Dataset records:
============
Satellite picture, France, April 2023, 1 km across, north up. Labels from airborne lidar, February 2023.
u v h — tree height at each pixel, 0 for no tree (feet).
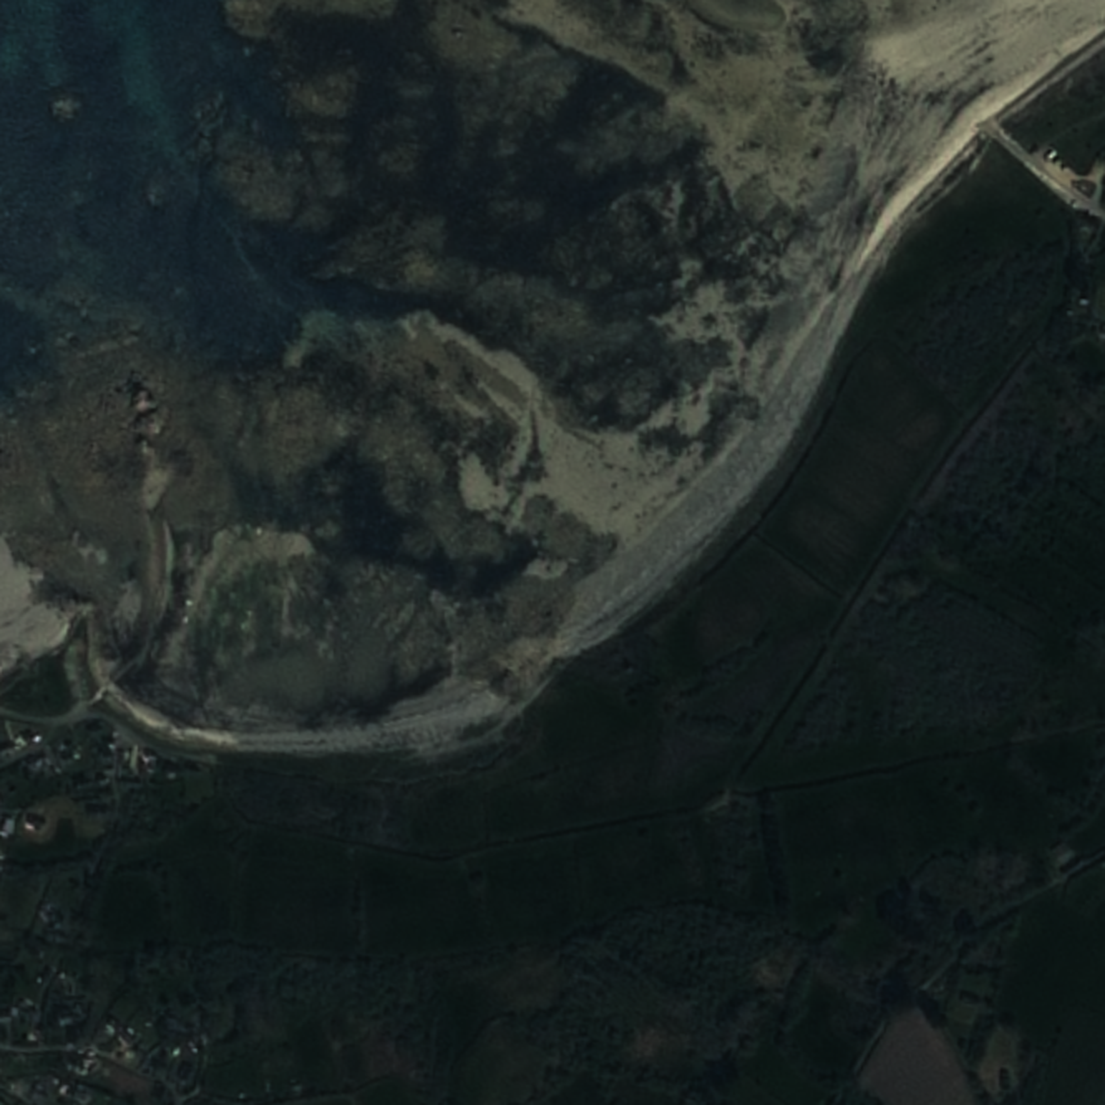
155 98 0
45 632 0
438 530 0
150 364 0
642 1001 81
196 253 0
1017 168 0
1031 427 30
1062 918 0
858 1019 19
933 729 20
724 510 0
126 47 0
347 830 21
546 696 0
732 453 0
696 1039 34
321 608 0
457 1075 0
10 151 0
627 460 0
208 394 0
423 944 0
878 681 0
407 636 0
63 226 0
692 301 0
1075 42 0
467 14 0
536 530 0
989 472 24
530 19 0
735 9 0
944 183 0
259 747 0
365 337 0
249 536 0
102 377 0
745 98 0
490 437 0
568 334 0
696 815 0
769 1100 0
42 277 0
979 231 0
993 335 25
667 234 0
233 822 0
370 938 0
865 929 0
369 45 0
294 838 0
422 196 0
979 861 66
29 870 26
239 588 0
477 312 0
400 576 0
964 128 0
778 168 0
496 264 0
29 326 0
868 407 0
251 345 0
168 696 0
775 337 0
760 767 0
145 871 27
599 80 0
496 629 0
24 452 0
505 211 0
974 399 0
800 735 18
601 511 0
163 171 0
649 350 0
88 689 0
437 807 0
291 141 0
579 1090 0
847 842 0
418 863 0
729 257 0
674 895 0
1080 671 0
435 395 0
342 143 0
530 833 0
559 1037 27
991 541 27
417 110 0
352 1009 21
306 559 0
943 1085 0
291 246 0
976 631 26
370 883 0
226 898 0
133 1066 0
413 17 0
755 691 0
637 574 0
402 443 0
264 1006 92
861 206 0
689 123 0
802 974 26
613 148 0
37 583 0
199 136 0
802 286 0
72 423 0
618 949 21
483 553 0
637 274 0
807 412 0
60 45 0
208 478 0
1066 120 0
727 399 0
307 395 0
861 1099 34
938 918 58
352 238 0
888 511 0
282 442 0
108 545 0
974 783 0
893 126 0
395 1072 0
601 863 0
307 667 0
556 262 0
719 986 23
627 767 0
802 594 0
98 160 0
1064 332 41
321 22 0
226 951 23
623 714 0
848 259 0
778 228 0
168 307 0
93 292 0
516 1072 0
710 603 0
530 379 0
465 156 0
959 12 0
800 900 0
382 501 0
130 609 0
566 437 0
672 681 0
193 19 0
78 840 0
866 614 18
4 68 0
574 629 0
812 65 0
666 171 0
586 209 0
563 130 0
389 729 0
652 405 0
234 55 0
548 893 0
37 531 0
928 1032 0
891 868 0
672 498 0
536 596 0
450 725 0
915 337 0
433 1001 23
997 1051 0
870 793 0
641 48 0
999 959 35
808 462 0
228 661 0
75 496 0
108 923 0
============
:: Exercise goal ::
Without the pictures, retype each line of the records above exactly.

:: The completed task ::
Satellite picture, France, April 2023, 1 km across, north up. Labels from airborne lidar, February 2023.
u v h — tree height at each pixel, 0 for no tree (feet).
155 98 0
45 632 0
438 530 0
150 364 0
642 1001 81
196 253 0
1017 168 0
1031 427 30
1062 918 0
858 1019 19
933 729 20
724 510 0
126 47 0
347 830 21
546 696 0
732 453 0
696 1039 34
321 608 0
457 1075 0
10 151 0
627 460 0
208 394 0
423 944 0
878 681 0
407 636 0
63 226 0
692 301 0
1075 42 0
467 14 0
536 530 0
989 472 24
530 19 0
735 9 0
944 183 0
259 747 0
365 337 0
249 536 0
102 377 0
745 98 0
490 437 0
568 334 0
696 815 0
769 1100 0
42 277 0
979 231 0
993 335 25
667 234 0
233 822 0
370 938 0
865 929 0
369 45 0
294 838 0
422 196 0
979 861 66
29 870 26
239 588 0
477 312 0
400 576 0
964 128 0
778 168 0
496 264 0
29 326 0
868 407 0
251 345 0
168 696 0
775 337 0
760 767 0
145 871 27
599 80 0
496 629 0
24 452 0
505 211 0
974 399 0
800 735 18
601 511 0
163 171 0
649 350 0
88 689 0
437 807 0
291 141 0
579 1090 0
847 842 0
418 863 0
729 257 0
674 895 0
1080 671 0
435 395 0
342 143 0
530 833 0
559 1037 27
991 541 27
417 110 0
352 1009 21
306 559 0
943 1085 0
291 246 0
976 631 26
370 883 0
226 898 0
133 1066 0
413 17 0
755 691 0
637 574 0
402 443 0
264 1006 92
861 206 0
689 123 0
802 974 26
613 148 0
37 583 0
199 136 0
802 286 0
72 423 0
618 949 21
483 553 0
637 274 0
807 412 0
60 45 0
208 478 0
1066 120 0
727 399 0
307 395 0
861 1099 34
938 918 58
352 238 0
888 511 0
282 442 0
108 545 0
974 783 0
893 126 0
395 1072 0
601 863 0
307 667 0
556 262 0
719 986 23
627 767 0
802 594 0
98 160 0
1064 332 41
321 22 0
226 951 23
623 714 0
848 259 0
778 228 0
168 307 0
93 292 0
516 1072 0
710 603 0
530 379 0
465 156 0
959 12 0
800 900 0
382 501 0
130 609 0
566 437 0
672 681 0
193 19 0
78 840 0
866 614 18
4 68 0
574 629 0
812 65 0
666 171 0
586 209 0
563 130 0
389 729 0
652 405 0
234 55 0
548 893 0
37 531 0
928 1032 0
891 868 0
672 498 0
536 596 0
450 725 0
915 337 0
433 1001 23
997 1051 0
870 793 0
641 48 0
999 959 35
808 462 0
228 661 0
75 496 0
108 923 0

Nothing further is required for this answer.